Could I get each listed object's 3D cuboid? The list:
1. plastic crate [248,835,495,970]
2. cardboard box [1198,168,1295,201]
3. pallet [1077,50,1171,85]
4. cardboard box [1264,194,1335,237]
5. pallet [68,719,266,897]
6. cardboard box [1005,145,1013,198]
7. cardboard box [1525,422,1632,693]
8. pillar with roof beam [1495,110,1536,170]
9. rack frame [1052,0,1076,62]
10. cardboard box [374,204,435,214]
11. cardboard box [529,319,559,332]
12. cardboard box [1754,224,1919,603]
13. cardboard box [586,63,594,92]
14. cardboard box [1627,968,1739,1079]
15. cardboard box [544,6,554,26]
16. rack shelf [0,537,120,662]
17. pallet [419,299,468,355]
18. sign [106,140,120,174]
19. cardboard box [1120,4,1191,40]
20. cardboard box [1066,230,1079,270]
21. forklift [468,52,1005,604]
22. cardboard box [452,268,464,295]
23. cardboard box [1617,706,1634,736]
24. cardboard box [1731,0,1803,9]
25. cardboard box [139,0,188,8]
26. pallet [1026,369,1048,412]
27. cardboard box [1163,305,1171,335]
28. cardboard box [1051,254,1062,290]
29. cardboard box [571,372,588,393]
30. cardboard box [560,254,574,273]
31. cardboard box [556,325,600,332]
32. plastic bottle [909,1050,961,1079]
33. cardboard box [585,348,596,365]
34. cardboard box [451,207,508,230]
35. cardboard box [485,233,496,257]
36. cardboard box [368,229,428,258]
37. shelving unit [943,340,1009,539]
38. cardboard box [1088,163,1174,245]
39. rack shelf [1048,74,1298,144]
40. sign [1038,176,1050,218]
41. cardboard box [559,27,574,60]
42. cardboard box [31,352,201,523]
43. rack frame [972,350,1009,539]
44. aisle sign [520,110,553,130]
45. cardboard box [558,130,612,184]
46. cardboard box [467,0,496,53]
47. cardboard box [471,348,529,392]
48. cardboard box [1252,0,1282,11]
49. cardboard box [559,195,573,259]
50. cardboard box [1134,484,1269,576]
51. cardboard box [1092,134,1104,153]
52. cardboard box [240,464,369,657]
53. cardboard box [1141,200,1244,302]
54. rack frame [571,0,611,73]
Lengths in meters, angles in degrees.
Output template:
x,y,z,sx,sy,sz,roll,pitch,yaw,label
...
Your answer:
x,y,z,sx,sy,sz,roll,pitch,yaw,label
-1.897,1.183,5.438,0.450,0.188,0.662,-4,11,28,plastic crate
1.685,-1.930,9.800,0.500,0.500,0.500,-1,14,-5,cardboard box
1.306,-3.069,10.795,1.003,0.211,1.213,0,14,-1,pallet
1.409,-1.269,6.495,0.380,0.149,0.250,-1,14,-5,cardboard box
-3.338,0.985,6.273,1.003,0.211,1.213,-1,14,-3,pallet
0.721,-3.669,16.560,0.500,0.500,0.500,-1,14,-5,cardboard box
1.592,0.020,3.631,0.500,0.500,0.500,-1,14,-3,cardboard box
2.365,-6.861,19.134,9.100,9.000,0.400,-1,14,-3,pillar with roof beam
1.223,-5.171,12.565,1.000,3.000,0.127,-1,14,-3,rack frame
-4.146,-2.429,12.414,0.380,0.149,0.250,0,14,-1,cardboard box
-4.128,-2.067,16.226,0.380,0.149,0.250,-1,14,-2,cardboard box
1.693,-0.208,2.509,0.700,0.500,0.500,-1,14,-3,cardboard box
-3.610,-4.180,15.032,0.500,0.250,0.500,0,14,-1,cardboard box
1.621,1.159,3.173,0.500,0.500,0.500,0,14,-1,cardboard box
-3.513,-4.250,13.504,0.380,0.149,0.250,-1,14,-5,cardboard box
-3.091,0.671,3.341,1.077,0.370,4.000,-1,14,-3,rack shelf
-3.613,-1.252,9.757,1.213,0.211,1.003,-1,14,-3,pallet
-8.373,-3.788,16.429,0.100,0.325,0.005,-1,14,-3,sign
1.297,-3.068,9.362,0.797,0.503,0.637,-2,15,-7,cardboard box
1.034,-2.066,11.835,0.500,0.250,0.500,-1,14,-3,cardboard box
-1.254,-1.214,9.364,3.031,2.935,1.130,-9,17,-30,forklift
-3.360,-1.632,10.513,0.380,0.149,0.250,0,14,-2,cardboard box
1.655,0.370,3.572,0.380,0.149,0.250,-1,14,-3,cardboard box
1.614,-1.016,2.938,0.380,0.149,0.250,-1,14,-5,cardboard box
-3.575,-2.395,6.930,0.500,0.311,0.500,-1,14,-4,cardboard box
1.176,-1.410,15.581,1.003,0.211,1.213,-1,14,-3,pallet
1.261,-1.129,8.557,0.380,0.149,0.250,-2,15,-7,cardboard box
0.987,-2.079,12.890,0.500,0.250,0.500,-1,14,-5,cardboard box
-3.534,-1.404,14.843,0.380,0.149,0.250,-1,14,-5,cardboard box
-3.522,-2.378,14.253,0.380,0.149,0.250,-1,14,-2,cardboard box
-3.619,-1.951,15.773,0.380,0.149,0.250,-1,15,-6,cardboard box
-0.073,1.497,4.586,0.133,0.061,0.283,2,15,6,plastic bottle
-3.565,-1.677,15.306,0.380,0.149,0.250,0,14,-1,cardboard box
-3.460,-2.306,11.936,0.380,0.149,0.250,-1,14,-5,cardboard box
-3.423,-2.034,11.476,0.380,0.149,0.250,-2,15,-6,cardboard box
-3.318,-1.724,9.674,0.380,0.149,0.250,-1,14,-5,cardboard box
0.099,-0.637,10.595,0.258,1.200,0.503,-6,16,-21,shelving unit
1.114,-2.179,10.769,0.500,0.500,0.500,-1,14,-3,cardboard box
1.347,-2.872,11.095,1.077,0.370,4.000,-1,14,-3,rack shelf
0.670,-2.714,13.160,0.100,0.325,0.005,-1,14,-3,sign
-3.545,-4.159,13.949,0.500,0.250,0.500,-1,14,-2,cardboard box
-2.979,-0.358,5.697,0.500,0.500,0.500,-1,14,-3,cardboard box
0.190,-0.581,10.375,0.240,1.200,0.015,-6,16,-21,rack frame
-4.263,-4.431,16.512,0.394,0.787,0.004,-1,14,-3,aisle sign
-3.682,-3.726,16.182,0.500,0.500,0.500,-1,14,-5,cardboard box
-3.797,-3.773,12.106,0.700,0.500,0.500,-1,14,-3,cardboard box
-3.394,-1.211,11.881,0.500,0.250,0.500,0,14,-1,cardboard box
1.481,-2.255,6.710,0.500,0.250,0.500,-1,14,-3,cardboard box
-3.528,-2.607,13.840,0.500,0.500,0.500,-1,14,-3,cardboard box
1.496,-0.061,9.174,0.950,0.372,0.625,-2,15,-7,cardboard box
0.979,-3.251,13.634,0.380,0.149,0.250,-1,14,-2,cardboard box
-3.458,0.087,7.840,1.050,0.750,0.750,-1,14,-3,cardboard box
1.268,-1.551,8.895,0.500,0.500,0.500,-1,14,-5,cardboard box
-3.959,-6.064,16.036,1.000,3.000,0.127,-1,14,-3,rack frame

○ ○ ○ ○ ○

▸ **Aim of the task**:
Please transcribe the material above precisely as it stands.

▸ **Written reply**:
Could I get each listed object's 3D cuboid? The list:
1. plastic crate [248,835,495,970]
2. cardboard box [1198,168,1295,201]
3. pallet [1077,50,1171,85]
4. cardboard box [1264,194,1335,237]
5. pallet [68,719,266,897]
6. cardboard box [1005,145,1013,198]
7. cardboard box [1525,422,1632,693]
8. pillar with roof beam [1495,110,1536,170]
9. rack frame [1052,0,1076,62]
10. cardboard box [374,204,435,214]
11. cardboard box [529,319,559,332]
12. cardboard box [1754,224,1919,603]
13. cardboard box [586,63,594,92]
14. cardboard box [1627,968,1739,1079]
15. cardboard box [544,6,554,26]
16. rack shelf [0,537,120,662]
17. pallet [419,299,468,355]
18. sign [106,140,120,174]
19. cardboard box [1120,4,1191,40]
20. cardboard box [1066,230,1079,270]
21. forklift [468,52,1005,604]
22. cardboard box [452,268,464,295]
23. cardboard box [1617,706,1634,736]
24. cardboard box [1731,0,1803,9]
25. cardboard box [139,0,188,8]
26. pallet [1026,369,1048,412]
27. cardboard box [1163,305,1171,335]
28. cardboard box [1051,254,1062,290]
29. cardboard box [571,372,588,393]
30. cardboard box [560,254,574,273]
31. cardboard box [556,325,600,332]
32. plastic bottle [909,1050,961,1079]
33. cardboard box [585,348,596,365]
34. cardboard box [451,207,508,230]
35. cardboard box [485,233,496,257]
36. cardboard box [368,229,428,258]
37. shelving unit [943,340,1009,539]
38. cardboard box [1088,163,1174,245]
39. rack shelf [1048,74,1298,144]
40. sign [1038,176,1050,218]
41. cardboard box [559,27,574,60]
42. cardboard box [31,352,201,523]
43. rack frame [972,350,1009,539]
44. aisle sign [520,110,553,130]
45. cardboard box [558,130,612,184]
46. cardboard box [467,0,496,53]
47. cardboard box [471,348,529,392]
48. cardboard box [1252,0,1282,11]
49. cardboard box [559,195,573,259]
50. cardboard box [1134,484,1269,576]
51. cardboard box [1092,134,1104,153]
52. cardboard box [240,464,369,657]
53. cardboard box [1141,200,1244,302]
54. rack frame [571,0,611,73]
Lengths in meters, angles in degrees.
Output template:
x,y,z,sx,sy,sz,roll,pitch,yaw,label
...
Your answer:
x,y,z,sx,sy,sz,roll,pitch,yaw,label
-1.897,1.183,5.438,0.450,0.188,0.662,-4,11,28,plastic crate
1.685,-1.930,9.800,0.500,0.500,0.500,-1,14,-5,cardboard box
1.306,-3.069,10.795,1.003,0.211,1.213,0,14,-1,pallet
1.409,-1.269,6.495,0.380,0.149,0.250,-1,14,-5,cardboard box
-3.338,0.985,6.273,1.003,0.211,1.213,-1,14,-3,pallet
0.721,-3.669,16.560,0.500,0.500,0.500,-1,14,-5,cardboard box
1.592,0.020,3.631,0.500,0.500,0.500,-1,14,-3,cardboard box
2.365,-6.861,19.134,9.100,9.000,0.400,-1,14,-3,pillar with roof beam
1.223,-5.171,12.565,1.000,3.000,0.127,-1,14,-3,rack frame
-4.146,-2.429,12.414,0.380,0.149,0.250,0,14,-1,cardboard box
-4.128,-2.067,16.226,0.380,0.149,0.250,-1,14,-2,cardboard box
1.693,-0.208,2.509,0.700,0.500,0.500,-1,14,-3,cardboard box
-3.610,-4.180,15.032,0.500,0.250,0.500,0,14,-1,cardboard box
1.621,1.159,3.173,0.500,0.500,0.500,0,14,-1,cardboard box
-3.513,-4.250,13.504,0.380,0.149,0.250,-1,14,-5,cardboard box
-3.091,0.671,3.341,1.077,0.370,4.000,-1,14,-3,rack shelf
-3.613,-1.252,9.757,1.213,0.211,1.003,-1,14,-3,pallet
-8.373,-3.788,16.429,0.100,0.325,0.005,-1,14,-3,sign
1.297,-3.068,9.362,0.797,0.503,0.637,-2,15,-7,cardboard box
1.034,-2.066,11.835,0.500,0.250,0.500,-1,14,-3,cardboard box
-1.254,-1.214,9.364,3.031,2.935,1.130,-9,17,-30,forklift
-3.360,-1.632,10.513,0.380,0.149,0.250,0,14,-2,cardboard box
1.655,0.370,3.572,0.380,0.149,0.250,-1,14,-3,cardboard box
1.614,-1.016,2.938,0.380,0.149,0.250,-1,14,-5,cardboard box
-3.575,-2.395,6.930,0.500,0.311,0.500,-1,14,-4,cardboard box
1.176,-1.410,15.581,1.003,0.211,1.213,-1,14,-3,pallet
1.261,-1.129,8.557,0.380,0.149,0.250,-2,15,-7,cardboard box
0.987,-2.079,12.890,0.500,0.250,0.500,-1,14,-5,cardboard box
-3.534,-1.404,14.843,0.380,0.149,0.250,-1,14,-5,cardboard box
-3.522,-2.378,14.253,0.380,0.149,0.250,-1,14,-2,cardboard box
-3.619,-1.951,15.773,0.380,0.149,0.250,-1,15,-6,cardboard box
-0.073,1.497,4.586,0.133,0.061,0.283,2,15,6,plastic bottle
-3.565,-1.677,15.306,0.380,0.149,0.250,0,14,-1,cardboard box
-3.460,-2.306,11.936,0.380,0.149,0.250,-1,14,-5,cardboard box
-3.423,-2.034,11.476,0.380,0.149,0.250,-2,15,-6,cardboard box
-3.318,-1.724,9.674,0.380,0.149,0.250,-1,14,-5,cardboard box
0.099,-0.637,10.595,0.258,1.200,0.503,-6,16,-21,shelving unit
1.114,-2.179,10.769,0.500,0.500,0.500,-1,14,-3,cardboard box
1.347,-2.872,11.095,1.077,0.370,4.000,-1,14,-3,rack shelf
0.670,-2.714,13.160,0.100,0.325,0.005,-1,14,-3,sign
-3.545,-4.159,13.949,0.500,0.250,0.500,-1,14,-2,cardboard box
-2.979,-0.358,5.697,0.500,0.500,0.500,-1,14,-3,cardboard box
0.190,-0.581,10.375,0.240,1.200,0.015,-6,16,-21,rack frame
-4.263,-4.431,16.512,0.394,0.787,0.004,-1,14,-3,aisle sign
-3.682,-3.726,16.182,0.500,0.500,0.500,-1,14,-5,cardboard box
-3.797,-3.773,12.106,0.700,0.500,0.500,-1,14,-3,cardboard box
-3.394,-1.211,11.881,0.500,0.250,0.500,0,14,-1,cardboard box
1.481,-2.255,6.710,0.500,0.250,0.500,-1,14,-3,cardboard box
-3.528,-2.607,13.840,0.500,0.500,0.500,-1,14,-3,cardboard box
1.496,-0.061,9.174,0.950,0.372,0.625,-2,15,-7,cardboard box
0.979,-3.251,13.634,0.380,0.149,0.250,-1,14,-2,cardboard box
-3.458,0.087,7.840,1.050,0.750,0.750,-1,14,-3,cardboard box
1.268,-1.551,8.895,0.500,0.500,0.500,-1,14,-5,cardboard box
-3.959,-6.064,16.036,1.000,3.000,0.127,-1,14,-3,rack frame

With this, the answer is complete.